[What is expected]
How many lines in the entries below contain "restricted"? Answer with the number only.
Segment Start: Working data
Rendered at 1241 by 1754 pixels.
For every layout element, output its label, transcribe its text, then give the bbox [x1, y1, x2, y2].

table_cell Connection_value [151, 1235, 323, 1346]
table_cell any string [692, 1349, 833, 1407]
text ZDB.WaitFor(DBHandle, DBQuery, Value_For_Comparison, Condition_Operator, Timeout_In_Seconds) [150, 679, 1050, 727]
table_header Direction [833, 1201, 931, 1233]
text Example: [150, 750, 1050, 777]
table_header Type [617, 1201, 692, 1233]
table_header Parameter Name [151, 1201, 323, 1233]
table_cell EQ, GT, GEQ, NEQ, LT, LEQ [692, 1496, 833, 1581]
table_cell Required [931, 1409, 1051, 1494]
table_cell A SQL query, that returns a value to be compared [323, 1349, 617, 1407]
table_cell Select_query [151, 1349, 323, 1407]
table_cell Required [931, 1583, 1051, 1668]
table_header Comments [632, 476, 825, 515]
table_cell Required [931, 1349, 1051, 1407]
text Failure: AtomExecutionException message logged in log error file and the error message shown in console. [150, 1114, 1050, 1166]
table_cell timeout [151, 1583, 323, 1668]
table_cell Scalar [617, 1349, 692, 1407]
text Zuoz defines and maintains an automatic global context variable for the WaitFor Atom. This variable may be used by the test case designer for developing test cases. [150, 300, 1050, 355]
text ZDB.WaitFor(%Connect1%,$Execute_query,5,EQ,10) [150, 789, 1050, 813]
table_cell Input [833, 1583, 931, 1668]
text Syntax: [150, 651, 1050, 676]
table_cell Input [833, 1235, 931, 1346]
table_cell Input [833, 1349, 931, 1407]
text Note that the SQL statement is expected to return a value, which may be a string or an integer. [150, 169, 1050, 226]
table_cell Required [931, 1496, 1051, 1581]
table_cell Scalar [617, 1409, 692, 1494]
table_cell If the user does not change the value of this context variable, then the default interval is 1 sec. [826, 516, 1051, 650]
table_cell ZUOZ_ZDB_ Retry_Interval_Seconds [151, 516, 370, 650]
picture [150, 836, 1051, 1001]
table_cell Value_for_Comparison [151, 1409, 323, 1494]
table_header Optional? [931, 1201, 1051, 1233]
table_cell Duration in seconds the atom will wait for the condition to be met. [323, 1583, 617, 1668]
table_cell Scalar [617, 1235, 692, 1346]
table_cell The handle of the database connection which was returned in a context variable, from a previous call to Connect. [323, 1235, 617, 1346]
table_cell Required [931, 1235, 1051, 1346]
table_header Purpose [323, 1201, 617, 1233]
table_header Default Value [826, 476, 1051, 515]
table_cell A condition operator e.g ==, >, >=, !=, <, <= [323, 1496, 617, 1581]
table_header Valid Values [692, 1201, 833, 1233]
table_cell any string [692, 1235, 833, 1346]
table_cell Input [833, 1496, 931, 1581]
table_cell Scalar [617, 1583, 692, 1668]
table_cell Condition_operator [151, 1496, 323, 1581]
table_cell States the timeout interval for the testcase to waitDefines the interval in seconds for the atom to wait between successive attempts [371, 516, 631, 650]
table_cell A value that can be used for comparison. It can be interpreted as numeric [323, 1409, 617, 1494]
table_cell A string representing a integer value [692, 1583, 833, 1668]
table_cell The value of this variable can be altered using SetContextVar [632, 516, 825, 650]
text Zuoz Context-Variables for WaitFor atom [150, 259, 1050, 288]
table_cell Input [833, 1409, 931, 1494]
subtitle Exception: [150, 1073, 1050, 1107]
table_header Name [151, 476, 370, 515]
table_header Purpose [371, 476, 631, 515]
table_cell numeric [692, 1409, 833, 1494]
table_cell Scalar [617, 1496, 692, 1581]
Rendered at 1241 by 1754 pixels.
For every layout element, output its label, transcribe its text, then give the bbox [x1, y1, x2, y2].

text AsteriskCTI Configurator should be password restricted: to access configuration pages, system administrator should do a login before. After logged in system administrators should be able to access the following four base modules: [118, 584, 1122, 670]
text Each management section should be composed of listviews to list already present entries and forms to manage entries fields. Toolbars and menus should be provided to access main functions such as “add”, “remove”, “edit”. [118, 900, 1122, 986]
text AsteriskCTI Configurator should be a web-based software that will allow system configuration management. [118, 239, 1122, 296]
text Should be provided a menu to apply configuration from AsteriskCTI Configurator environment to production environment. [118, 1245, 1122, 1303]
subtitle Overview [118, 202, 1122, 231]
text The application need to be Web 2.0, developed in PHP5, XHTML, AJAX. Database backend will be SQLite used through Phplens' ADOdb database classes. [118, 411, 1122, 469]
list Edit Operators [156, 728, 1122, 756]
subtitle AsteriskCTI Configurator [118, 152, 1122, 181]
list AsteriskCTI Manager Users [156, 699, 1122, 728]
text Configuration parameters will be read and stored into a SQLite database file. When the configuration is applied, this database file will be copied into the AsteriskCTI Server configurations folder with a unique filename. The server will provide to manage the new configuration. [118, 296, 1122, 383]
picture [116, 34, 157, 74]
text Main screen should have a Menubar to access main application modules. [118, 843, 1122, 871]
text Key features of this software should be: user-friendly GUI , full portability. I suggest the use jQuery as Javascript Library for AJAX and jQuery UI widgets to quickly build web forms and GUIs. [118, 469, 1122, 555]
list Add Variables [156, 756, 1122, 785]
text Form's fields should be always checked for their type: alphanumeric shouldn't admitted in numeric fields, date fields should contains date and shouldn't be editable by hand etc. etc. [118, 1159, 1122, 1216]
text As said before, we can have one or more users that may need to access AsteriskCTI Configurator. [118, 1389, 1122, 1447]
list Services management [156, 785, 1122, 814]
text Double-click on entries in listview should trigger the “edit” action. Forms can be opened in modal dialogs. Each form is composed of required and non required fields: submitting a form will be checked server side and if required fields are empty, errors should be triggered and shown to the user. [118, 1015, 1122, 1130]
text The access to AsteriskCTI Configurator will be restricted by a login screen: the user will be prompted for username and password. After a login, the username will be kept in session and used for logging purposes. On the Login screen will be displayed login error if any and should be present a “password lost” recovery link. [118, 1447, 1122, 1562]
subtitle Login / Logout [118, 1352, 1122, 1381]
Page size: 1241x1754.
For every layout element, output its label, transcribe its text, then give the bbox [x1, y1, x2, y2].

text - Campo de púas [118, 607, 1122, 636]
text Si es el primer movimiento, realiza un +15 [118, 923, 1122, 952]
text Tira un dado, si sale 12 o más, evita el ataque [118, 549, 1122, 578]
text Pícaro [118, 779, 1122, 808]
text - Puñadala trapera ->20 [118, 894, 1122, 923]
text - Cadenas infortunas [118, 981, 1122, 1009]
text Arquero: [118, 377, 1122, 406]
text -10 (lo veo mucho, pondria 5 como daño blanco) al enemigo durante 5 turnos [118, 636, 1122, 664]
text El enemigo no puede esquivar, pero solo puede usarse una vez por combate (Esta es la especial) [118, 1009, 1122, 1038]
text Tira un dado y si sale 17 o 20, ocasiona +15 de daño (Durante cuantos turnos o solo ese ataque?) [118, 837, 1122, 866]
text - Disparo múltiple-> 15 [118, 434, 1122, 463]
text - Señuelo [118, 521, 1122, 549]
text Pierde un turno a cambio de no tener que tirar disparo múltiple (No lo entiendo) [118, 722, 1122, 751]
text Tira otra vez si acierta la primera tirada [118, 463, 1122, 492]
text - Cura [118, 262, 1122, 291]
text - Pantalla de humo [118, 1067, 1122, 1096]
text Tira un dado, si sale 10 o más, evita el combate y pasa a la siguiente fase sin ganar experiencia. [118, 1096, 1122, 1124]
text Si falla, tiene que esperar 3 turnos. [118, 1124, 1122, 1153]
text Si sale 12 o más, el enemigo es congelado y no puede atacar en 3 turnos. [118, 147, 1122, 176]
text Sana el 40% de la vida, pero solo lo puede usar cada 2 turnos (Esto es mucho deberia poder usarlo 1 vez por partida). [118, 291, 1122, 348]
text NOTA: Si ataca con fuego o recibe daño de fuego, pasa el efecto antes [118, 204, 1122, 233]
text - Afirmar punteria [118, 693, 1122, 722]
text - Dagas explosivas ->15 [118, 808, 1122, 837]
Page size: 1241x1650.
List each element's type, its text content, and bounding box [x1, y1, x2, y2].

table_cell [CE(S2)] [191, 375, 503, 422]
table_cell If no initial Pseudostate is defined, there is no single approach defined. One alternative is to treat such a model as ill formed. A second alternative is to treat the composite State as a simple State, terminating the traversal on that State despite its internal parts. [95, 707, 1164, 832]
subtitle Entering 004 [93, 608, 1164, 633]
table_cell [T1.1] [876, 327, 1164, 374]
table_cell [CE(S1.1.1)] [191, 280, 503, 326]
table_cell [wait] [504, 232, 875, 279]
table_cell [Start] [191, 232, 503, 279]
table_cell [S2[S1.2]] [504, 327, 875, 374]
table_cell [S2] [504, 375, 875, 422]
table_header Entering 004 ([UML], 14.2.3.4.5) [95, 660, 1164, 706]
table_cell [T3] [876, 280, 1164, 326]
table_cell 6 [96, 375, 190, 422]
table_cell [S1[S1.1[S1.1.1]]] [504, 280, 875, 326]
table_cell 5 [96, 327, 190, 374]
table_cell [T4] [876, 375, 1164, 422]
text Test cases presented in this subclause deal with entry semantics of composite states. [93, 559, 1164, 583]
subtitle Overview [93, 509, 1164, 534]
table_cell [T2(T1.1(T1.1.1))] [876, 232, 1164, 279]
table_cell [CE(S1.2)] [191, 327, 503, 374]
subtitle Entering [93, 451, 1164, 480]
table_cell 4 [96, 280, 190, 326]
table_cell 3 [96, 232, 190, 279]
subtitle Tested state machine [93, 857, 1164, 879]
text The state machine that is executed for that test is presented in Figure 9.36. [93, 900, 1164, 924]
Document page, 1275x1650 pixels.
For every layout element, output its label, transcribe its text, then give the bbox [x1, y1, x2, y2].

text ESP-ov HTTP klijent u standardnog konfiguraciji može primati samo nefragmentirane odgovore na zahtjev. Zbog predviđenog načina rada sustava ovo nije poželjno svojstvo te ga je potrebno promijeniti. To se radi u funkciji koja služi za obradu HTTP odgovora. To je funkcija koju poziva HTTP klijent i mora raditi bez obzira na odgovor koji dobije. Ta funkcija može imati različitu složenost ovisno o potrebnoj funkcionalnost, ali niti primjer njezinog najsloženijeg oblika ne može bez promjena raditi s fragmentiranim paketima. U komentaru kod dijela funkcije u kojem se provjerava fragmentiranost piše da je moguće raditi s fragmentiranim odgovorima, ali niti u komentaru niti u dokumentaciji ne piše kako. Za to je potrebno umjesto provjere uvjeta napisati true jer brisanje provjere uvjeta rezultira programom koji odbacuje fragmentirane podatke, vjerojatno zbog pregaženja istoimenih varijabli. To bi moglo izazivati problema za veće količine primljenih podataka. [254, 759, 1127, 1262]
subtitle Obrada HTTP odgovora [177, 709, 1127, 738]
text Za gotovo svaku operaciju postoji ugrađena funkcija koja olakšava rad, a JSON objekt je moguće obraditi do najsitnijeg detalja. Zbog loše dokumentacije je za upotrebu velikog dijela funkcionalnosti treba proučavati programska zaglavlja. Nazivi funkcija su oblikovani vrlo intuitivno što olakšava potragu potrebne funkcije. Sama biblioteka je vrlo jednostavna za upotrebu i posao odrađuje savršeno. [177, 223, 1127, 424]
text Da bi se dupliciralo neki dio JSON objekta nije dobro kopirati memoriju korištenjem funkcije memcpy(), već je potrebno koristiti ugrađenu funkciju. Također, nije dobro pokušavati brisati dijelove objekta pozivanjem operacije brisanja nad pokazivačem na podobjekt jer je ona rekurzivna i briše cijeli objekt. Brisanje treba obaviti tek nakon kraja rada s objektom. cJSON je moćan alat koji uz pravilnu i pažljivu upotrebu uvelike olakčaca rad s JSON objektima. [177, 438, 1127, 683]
Segment End: Working data
[Exercise output]
2